=== PROBLEM DESCRIPTION ===
The records below are to be transcribed exactly from their first line to the line that has "text Ontvangen melding", inclusive, with every picture omitted.

=== RECORDS FOR PROCESSING ===
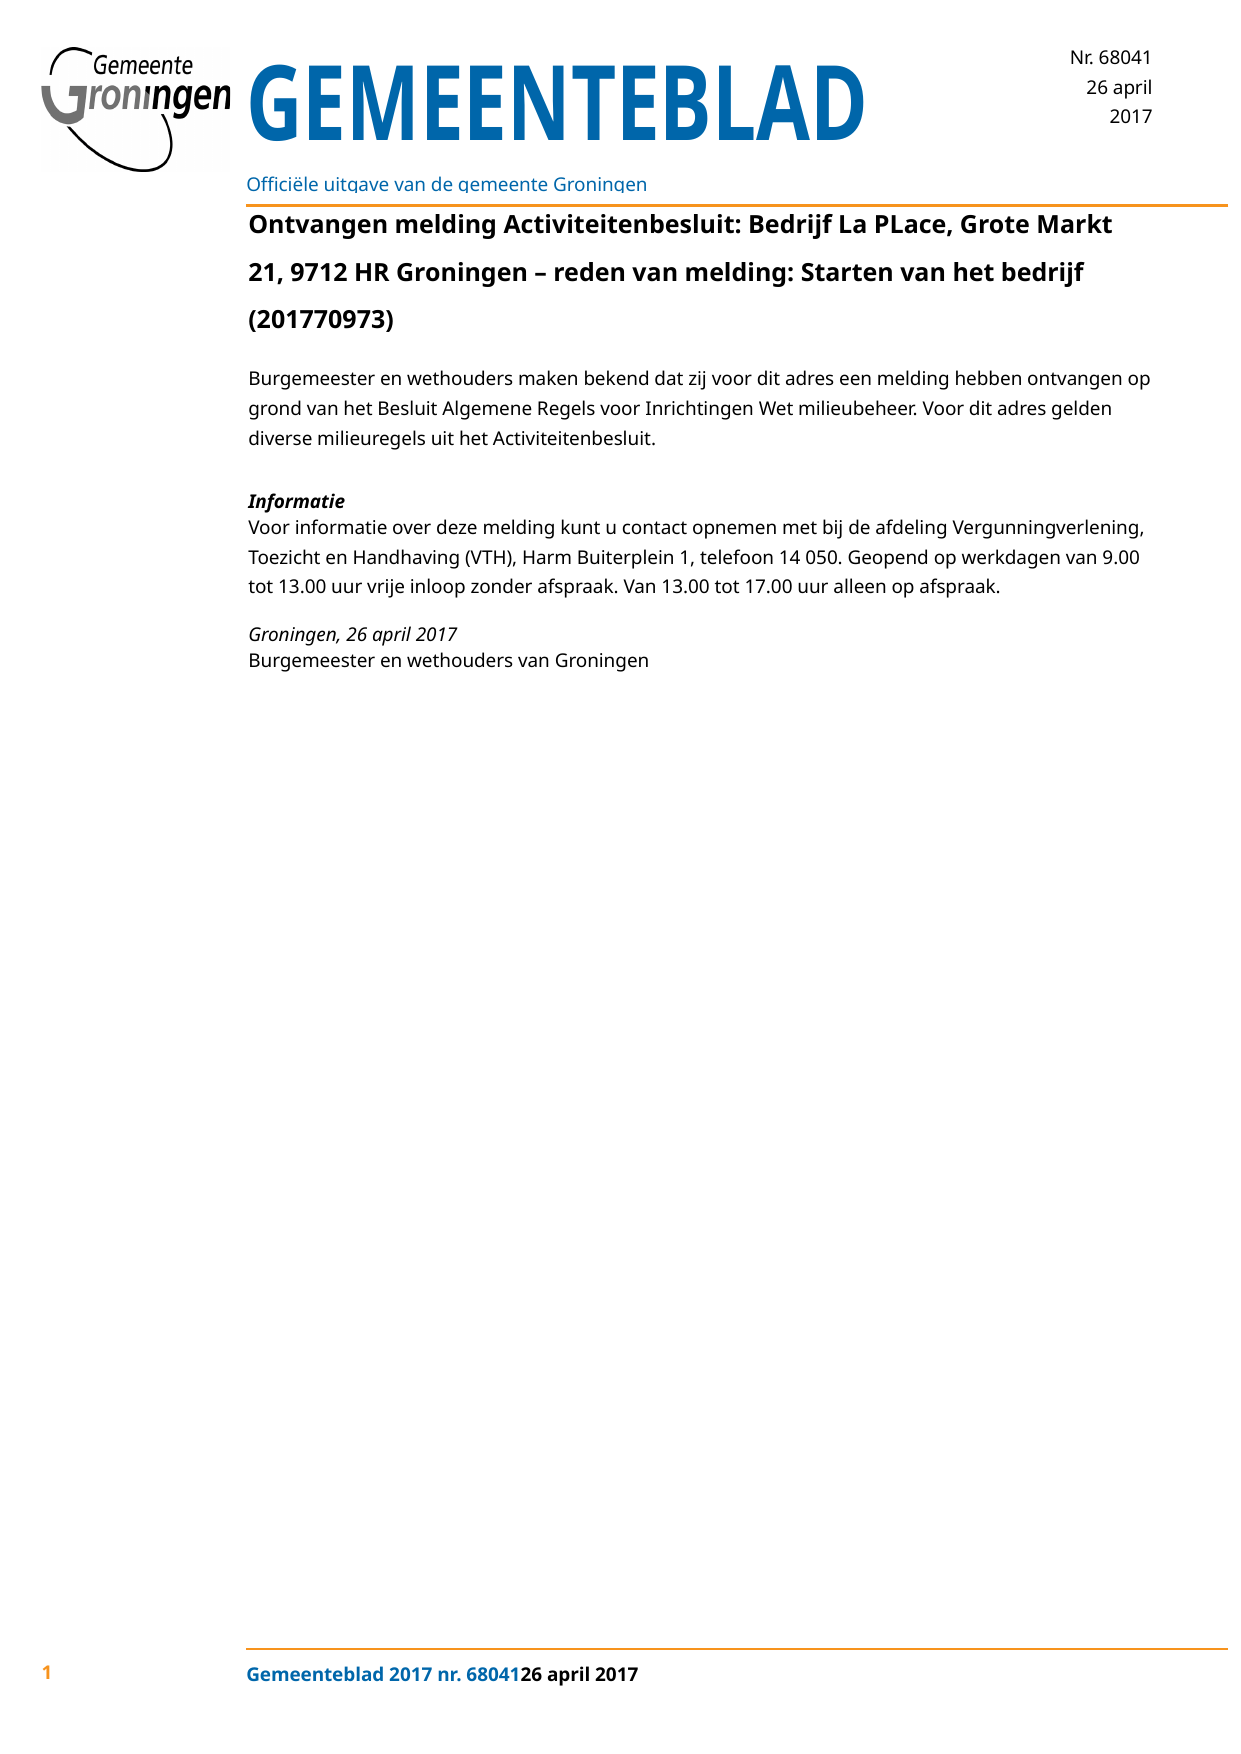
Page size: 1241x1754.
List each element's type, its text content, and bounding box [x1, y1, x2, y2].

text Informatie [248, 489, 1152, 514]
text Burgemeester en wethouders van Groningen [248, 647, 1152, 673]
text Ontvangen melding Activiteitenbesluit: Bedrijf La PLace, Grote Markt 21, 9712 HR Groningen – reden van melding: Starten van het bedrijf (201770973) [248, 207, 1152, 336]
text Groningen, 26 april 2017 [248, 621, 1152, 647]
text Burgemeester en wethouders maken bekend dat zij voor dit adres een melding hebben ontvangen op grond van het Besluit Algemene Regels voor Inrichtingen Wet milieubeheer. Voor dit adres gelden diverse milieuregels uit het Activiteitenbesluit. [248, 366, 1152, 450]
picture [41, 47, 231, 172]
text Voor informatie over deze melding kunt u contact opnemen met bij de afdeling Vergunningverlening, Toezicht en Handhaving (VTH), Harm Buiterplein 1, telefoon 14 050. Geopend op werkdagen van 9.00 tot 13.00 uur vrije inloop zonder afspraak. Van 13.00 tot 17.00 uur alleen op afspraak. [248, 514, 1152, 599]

=== ANSWER AREA ===
Page size: 1241x1754.
List each element's type, its text content, and bounding box [x1, y1, x2, y2].

text Informatie [248, 489, 1152, 514]
text Burgemeester en wethouders van Groningen [248, 647, 1152, 673]
text Ontvangen melding Activiteitenbesluit: Bedrijf La PLace, Grote Markt 21, 9712 HR Groningen – reden van melding: Starten van het bedrijf (201770973) [248, 207, 1152, 336]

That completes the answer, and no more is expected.